Xu Zeng, todavía mayormente callado, no podía evitar sentir una felicidad genuina mientras observaba a Bai Mo y Xu Hu Zhe discutir animadamente sobre el árbol más común que habían visto hasta ahora y si Bai Mo había mejorado en caminar después de tal larga distancia.
Sus riñas juguetonas trajeron una sonrisa a su rostro, una calidez que no sabía que necesitaba como constante.
Este sentimiento había surgido más de una vez ese día, y continuó deleitándose en el confort que le brindaba.
Los dos con más “energía” incluso comenzaron a discutir juguetonamente sobre por qué eran la pareja perfecta para Xu Zeng.
Cada uno presentaba su caso con un nivel de entusiasmo diferente.
Bai Mo se había convertido en alguna especie de zorro energético, rebotando —al menos con sus palabras, su cuerpo estaba claramente cansado— gestos exagerados con un toque ligeramente dramático.
—¿Conejito Energizer?
No necesitamos eso aquí.
¡Tenemos al Zorro Hiperactivo para iluminar cualquier habitación!
—exclamó Bai Mo.
Estaba poniendo todo de sí para argumentar por qué era la pareja perfecta.
La fachada del erudito y serio ger parecía desvanecerse.
Lo que quedaba era un zorro emocionable, animando a su pareja.
El amor podía cambiar a una persona de las maneras más inconvencionales.
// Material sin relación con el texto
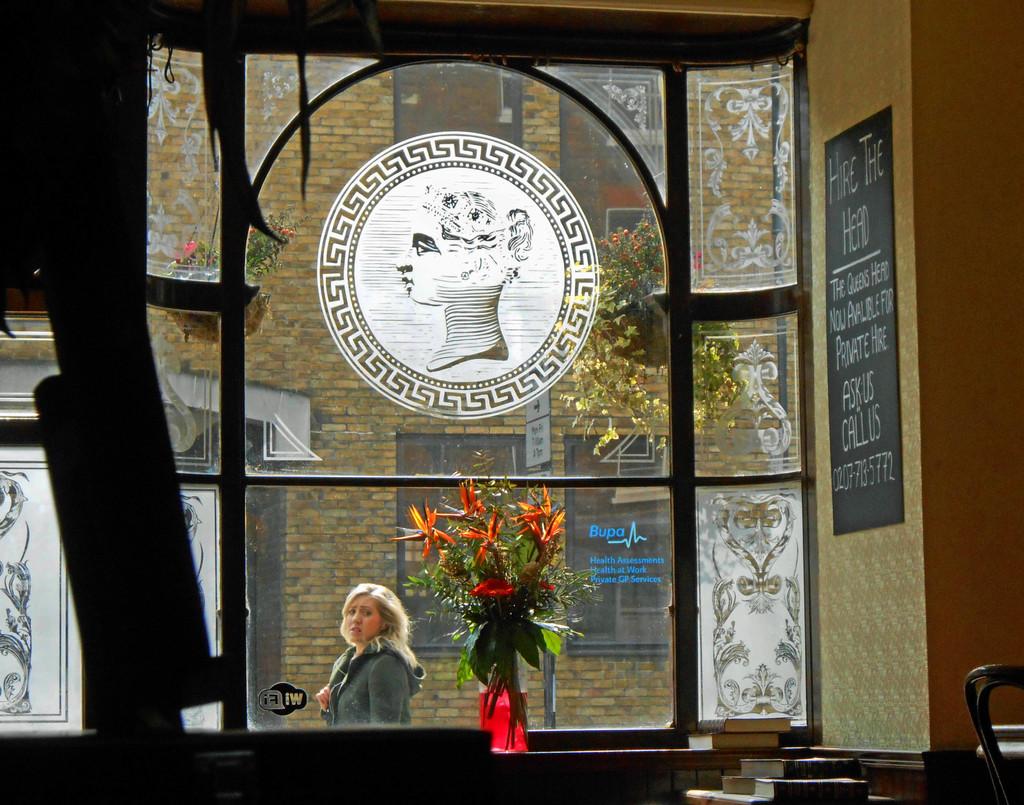Does this establishment offer wifi to its guests?
Keep it short and to the point. Yes. What is the number on the bottom of the sign?
Give a very brief answer. 0207-713-5772.

Xu Hu Zhe, por otro lado, permaneció estoico hasta el final, pero eso no significaba que no fuera uno de consentir a sus seres queridos.
Su charla con Momo era consentimiento en sí misma.
—Sí, el zorro con cientos de admiradores codiciando un lugar en su harén es un mejor partido que este humilde—ironizó Hu Zhe.
La pulla de Hu Zhe a Bai Mo fue leve e inefectiva, como un cuchillo de goma clavado en el pecho.
Aún así, tocó la cuerda que pretendía y el dramático giro de ojos de Xu Hu Zhe hizo reír a los dos gers.
Xu Hu Zhe estaba participando a su manera.
—Sí, este zorro tiene muchos admiradores—la cara de Bai Mo se puso roja—, pero el zorro se volvía más escandaloso con el paso del tiempo, “Pero, este regio zorro solo tiene ojos para su amante inmortal.—confesó Bai Mo.
Amante.
Amante.
AMANTE.
La palabra pareció resonar en el silencio por un momento antes de que Xu Zeng encontrara la fuerza para responder.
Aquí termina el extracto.